How does this compare to money spent on other things?

“And all of this is happening at a time when, throughout the world, 800 billion dollars are put into military spending, 400 billion are spent on narcotic drugs, and a trillion dollars are invested in commercial advertising.

“By the end of 1998, the third world’s external debt amounted to 2.4 trillion dollars, that is, four times the total in 1982, only 18 years ago.”

What happened to all the debt payments — any relief yet?

“Between 1982 and 1998, these countries paid over 3.4 trillion dollars for debt servicing, in other words, almost a trillion dollars more than the current debt. Far from decreasing, the debt grew by 45% in those 16 years.
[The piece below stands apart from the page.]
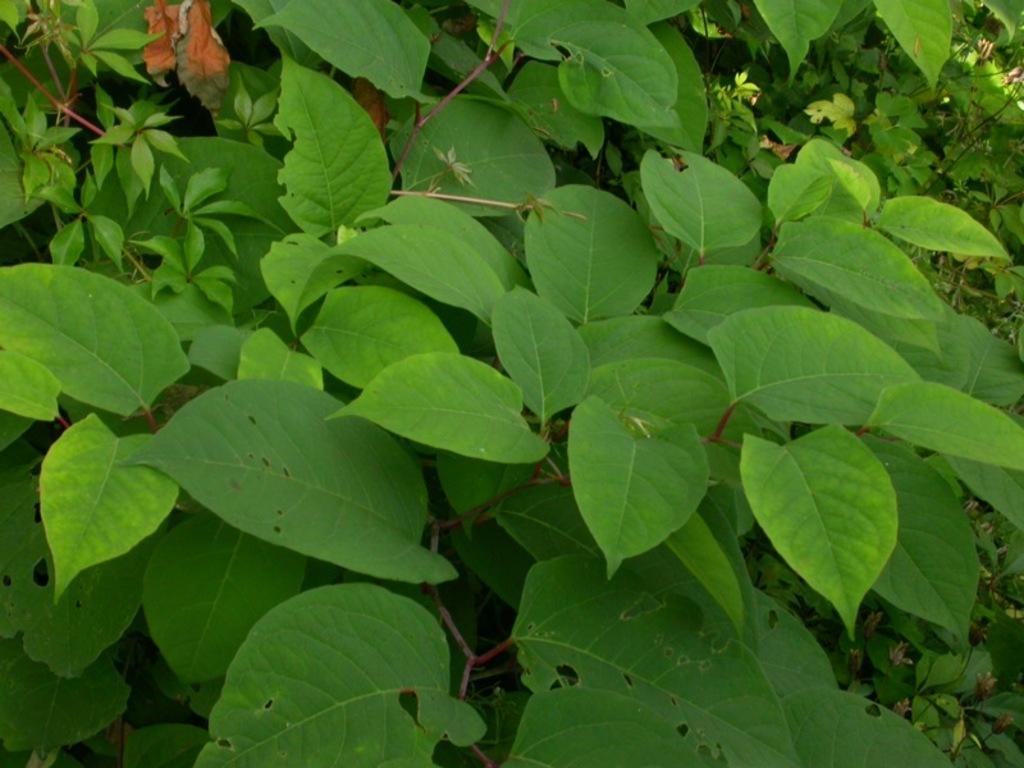Could you give a brief overview of what you see in this image? In this image I can see there are plants.

“Despite the neoliberal discourse on the opportunities created by the open-trading system the underdeveloped countries, with 85% of the world’s population, accounted for only 34.6% of world exports in 1998. That is less than in 1953, despite the fact that their population has more than doubled.”

So, how do the wealthy nations help the poor?

“While flows of official development assistance in 1992 represented 0.33% of the developed countries’ gross national product, by 1998, six years later, that percentage had dropped to 0.23%, far below the 0.7% goal set by the United Nations.

Therefore, while the wealthy world is becoming increasingly wealthy, contributions to the development of the large number of poor people decrease every year. Solidarity and responsibility shrink further by the year.”